Requirement: Find and copy each line of the data that includes "Villages".
((
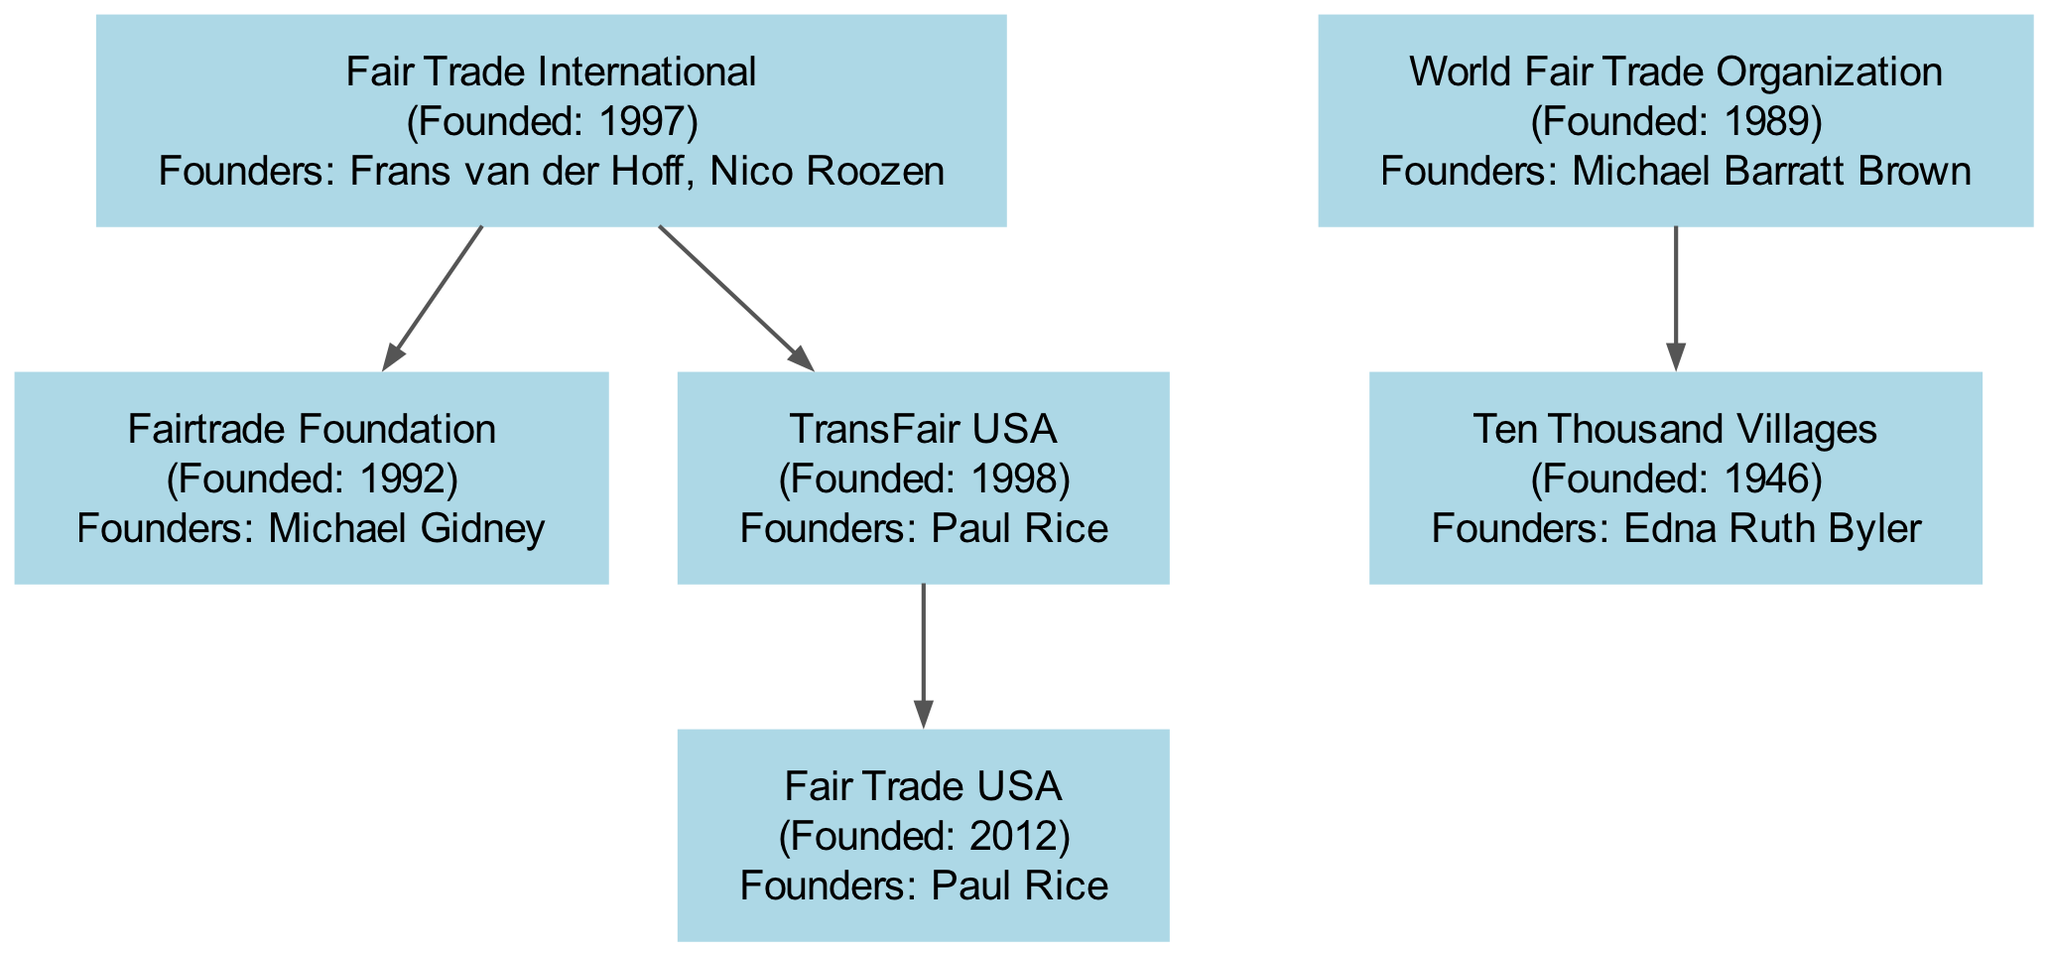What year was Fair Trade International founded? To find the answer, locate the node for Fair Trade International and check the founding year mentioned in the label. The diagram shows it was founded in 1997.
Answer: 1997 Who is the founder of Fair Trade USA? Look at the Fair Trade USA node in the diagram, which lists the founders. It shows that Paul Rice is the only founder mentioned there.
Answer: Paul Rice What organization does Fairtrade Foundation belong to? Investigate the relationship between Fairtrade Foundation and its parent organization in the diagram. It's clear that Fairtrade Foundation is a child organization of Fair Trade International.
Answer: Fair Trade International How many organizations were founded in the 1990s? Review all the nodes and their founding years. Fair Trade International (1997), Fairtrade Foundation (1992), and World Fair Trade Organization (1989) all fall within the 1990s, totaling three organizations.
Answer: 3 Which organization was established first? Scan through the founding years of all organizations presented in the diagram. Ten Thousand Villages was founded in 1946, making it the earliest organization in the tree.
Answer: Ten Thousand Villages What organization is a child of TransFair USA? Check the children of TransFair USA in the diagram. It indicates that Fair Trade USA is a child of TransFair USA.
Answer: Fair Trade USA Who founded Ten Thousand Villages? Locate the Ten Thousand Villages node and read the founder's name listed in the label. Edna Ruth Byler is indicated as the founder here.
Answer: Edna Ruth Byler What is the relationship between Fair Trade USA and TransFair USA? Analyze the diagram's node for their connection. Fair Trade USA is a child organization of TransFair USA, meaning it was developed as a subsequent entity.
Answer: Child organization How many total nodes are displayed in the diagram? Count the total entities represented in the diagram. There are seven organizations shown as nodes, including parent and child relationships.
Answer: 7 
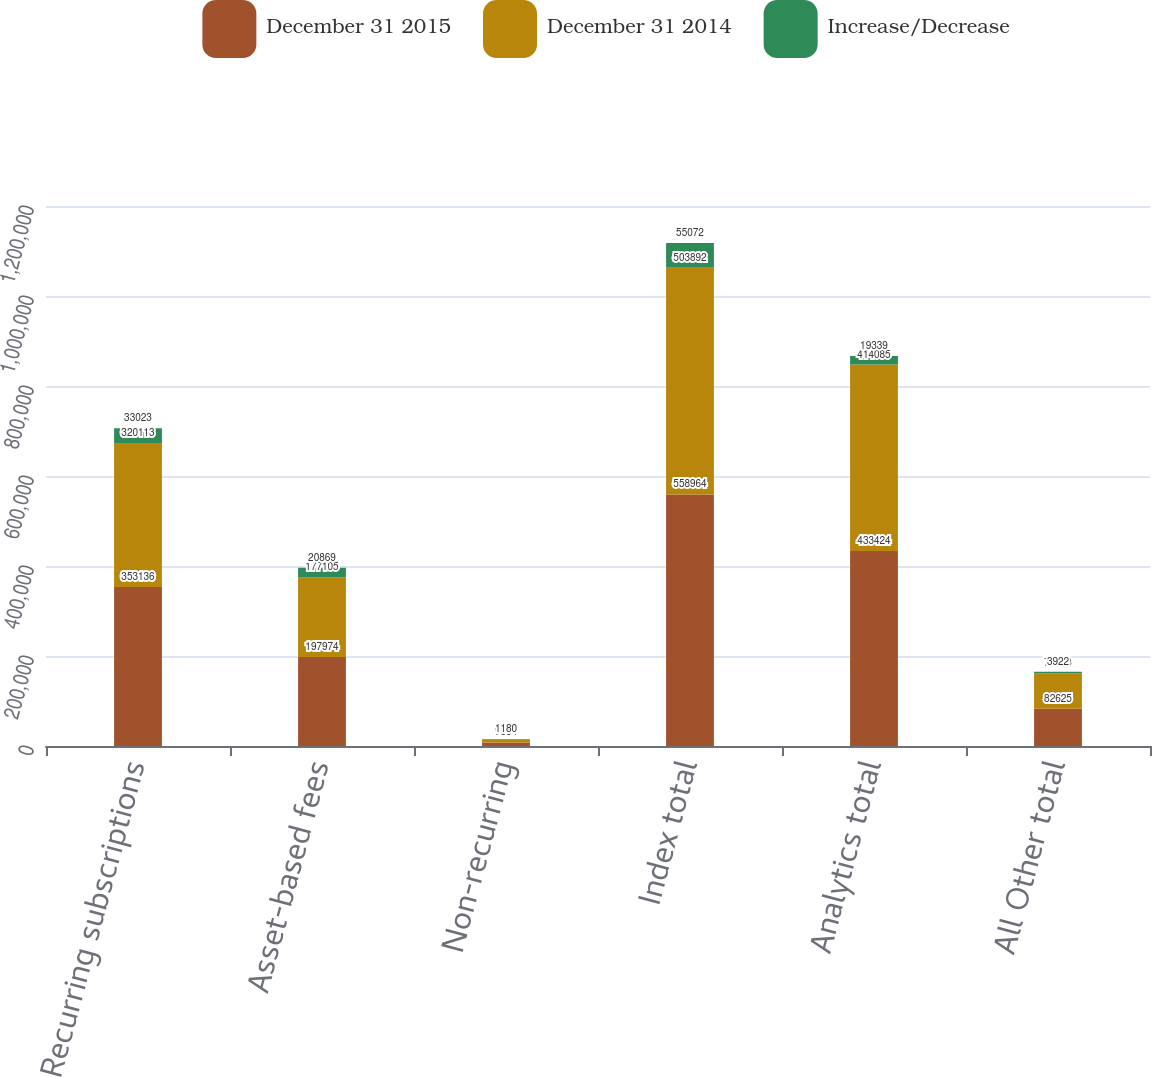Convert chart to OTSL. <chart><loc_0><loc_0><loc_500><loc_500><stacked_bar_chart><ecel><fcel>Recurring subscriptions<fcel>Asset-based fees<fcel>Non-recurring<fcel>Index total<fcel>Analytics total<fcel>All Other total<nl><fcel>December 31 2015<fcel>353136<fcel>197974<fcel>7854<fcel>558964<fcel>433424<fcel>82625<nl><fcel>December 31 2014<fcel>320113<fcel>177105<fcel>6674<fcel>503892<fcel>414085<fcel>78703<nl><fcel>Increase/Decrease<fcel>33023<fcel>20869<fcel>1180<fcel>55072<fcel>19339<fcel>3922<nl></chart>
))
Result of this task:
Answer: 3 Which organization was established first? Scan through the founding years of all organizations presented in the diagram. Ten Thousand Villages was founded in 1946, making it the earliest organization in the tree.
Answer: Ten Thousand Villages What organization is a child of TransFair USA? Check the children of TransFair USA in the diagram. It indicates that Fair Trade USA is a child of TransFair USA.
Answer: Fair Trade USA Who founded Ten Thousand Villages? Locate the Ten Thousand Villages node and read the founder's name listed in the label. Edna Ruth Byler is indicated as the founder here.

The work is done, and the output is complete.